Dataset excerpts

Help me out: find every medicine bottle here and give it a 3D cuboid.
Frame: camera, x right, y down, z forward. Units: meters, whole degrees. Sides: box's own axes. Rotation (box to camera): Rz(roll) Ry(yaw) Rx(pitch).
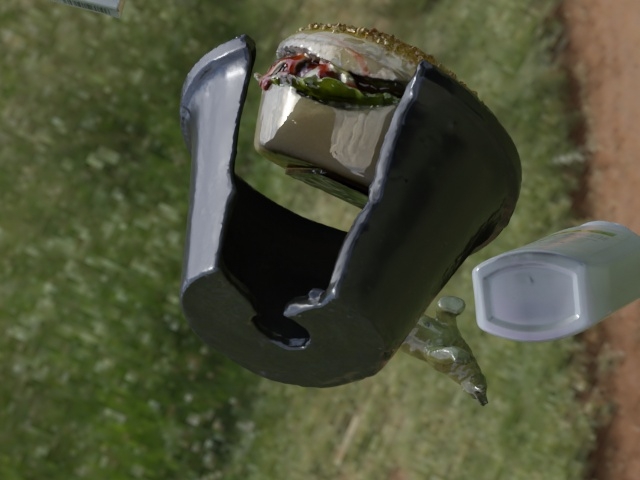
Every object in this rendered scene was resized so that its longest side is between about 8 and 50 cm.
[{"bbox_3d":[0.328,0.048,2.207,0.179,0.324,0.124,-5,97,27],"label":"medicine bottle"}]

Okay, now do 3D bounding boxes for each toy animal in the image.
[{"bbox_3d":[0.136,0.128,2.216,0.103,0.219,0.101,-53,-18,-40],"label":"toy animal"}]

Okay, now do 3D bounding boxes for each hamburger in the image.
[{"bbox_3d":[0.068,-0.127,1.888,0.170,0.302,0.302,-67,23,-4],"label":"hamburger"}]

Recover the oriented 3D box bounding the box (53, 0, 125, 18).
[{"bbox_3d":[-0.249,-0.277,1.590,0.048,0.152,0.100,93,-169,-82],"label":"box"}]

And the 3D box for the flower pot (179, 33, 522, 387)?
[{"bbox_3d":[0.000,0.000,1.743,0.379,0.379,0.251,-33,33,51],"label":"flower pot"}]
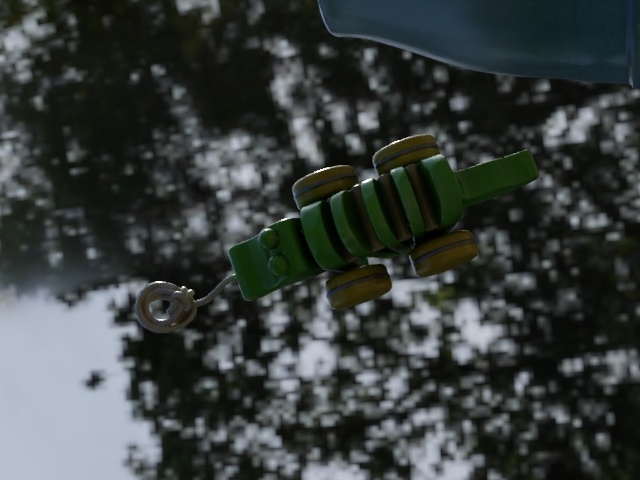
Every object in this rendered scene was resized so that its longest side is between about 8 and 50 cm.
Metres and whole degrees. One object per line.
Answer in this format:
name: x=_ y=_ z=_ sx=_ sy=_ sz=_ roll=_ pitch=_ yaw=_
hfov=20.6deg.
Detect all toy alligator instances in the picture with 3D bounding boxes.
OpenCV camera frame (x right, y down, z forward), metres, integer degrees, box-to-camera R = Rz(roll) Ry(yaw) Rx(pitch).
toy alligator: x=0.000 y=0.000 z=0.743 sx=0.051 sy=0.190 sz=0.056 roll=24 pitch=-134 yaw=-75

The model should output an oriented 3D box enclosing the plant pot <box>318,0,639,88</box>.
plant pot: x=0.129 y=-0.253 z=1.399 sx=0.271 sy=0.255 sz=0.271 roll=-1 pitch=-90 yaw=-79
...
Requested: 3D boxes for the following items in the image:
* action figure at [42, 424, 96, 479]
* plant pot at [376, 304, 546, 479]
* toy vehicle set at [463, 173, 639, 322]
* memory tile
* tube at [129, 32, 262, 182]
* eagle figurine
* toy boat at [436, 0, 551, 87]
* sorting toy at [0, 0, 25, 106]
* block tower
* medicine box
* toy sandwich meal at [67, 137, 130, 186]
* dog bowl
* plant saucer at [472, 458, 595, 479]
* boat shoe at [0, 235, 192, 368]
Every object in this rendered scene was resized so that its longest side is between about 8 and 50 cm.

• [What you are asked to do]:
From the records above, pull every line that carries the word "whole".

• [Output for this exercise]:
Frame: camera, x right, y down, z forward. Units: meters, whole degrees. Sides: box's own axes. Rotation (box to camera): Rz(roll) Ry(yaw) Rx(pitch).
Metres and whole degrees. One object per line.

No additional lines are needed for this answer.